PROBLEM REQUIREMENTS:
Do any lines in the data below contain "agent"? If so, copy every one of them.

DATA PROVIDED:
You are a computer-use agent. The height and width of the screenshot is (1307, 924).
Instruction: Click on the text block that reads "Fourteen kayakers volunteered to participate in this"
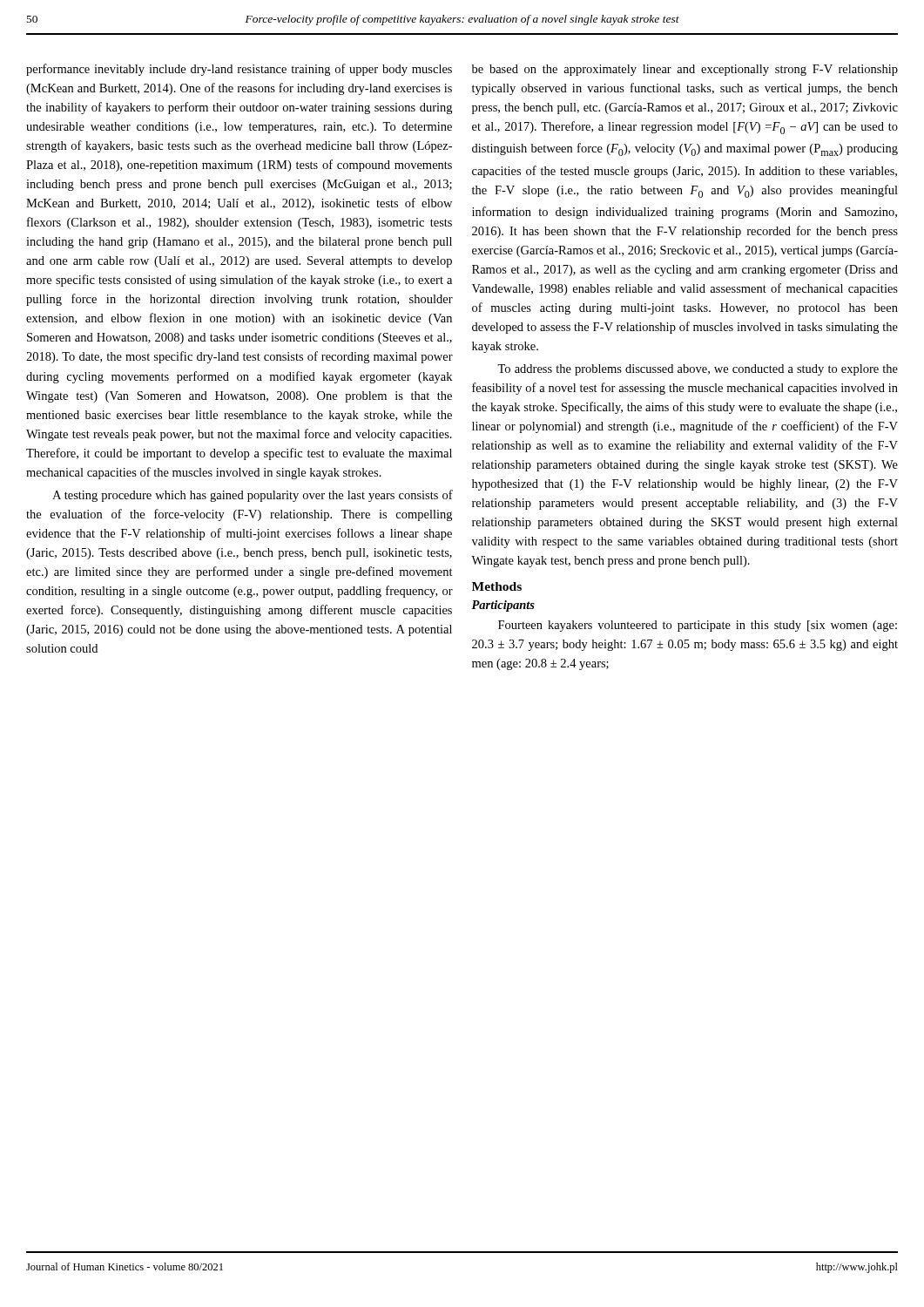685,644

--

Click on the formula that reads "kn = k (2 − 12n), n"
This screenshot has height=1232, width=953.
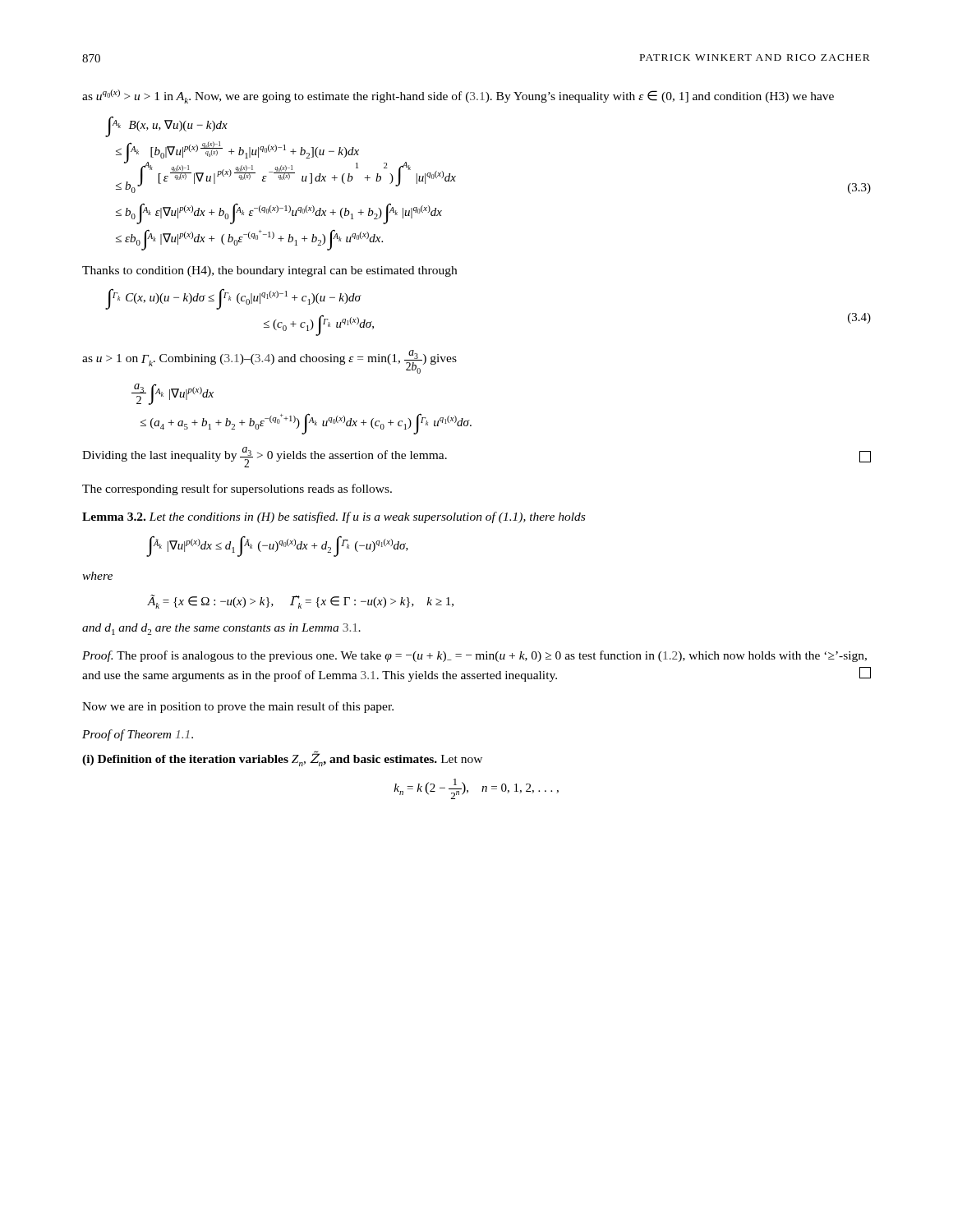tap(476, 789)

--

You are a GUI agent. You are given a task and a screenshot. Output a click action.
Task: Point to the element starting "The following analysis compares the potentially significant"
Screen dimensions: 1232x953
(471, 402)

PROBLEM SOLUTION:
You are a computer-use agent. The height and width of the screenshot is (1307, 924).
You are a GUI agent. You are given a task and a screenshot. Output a click action.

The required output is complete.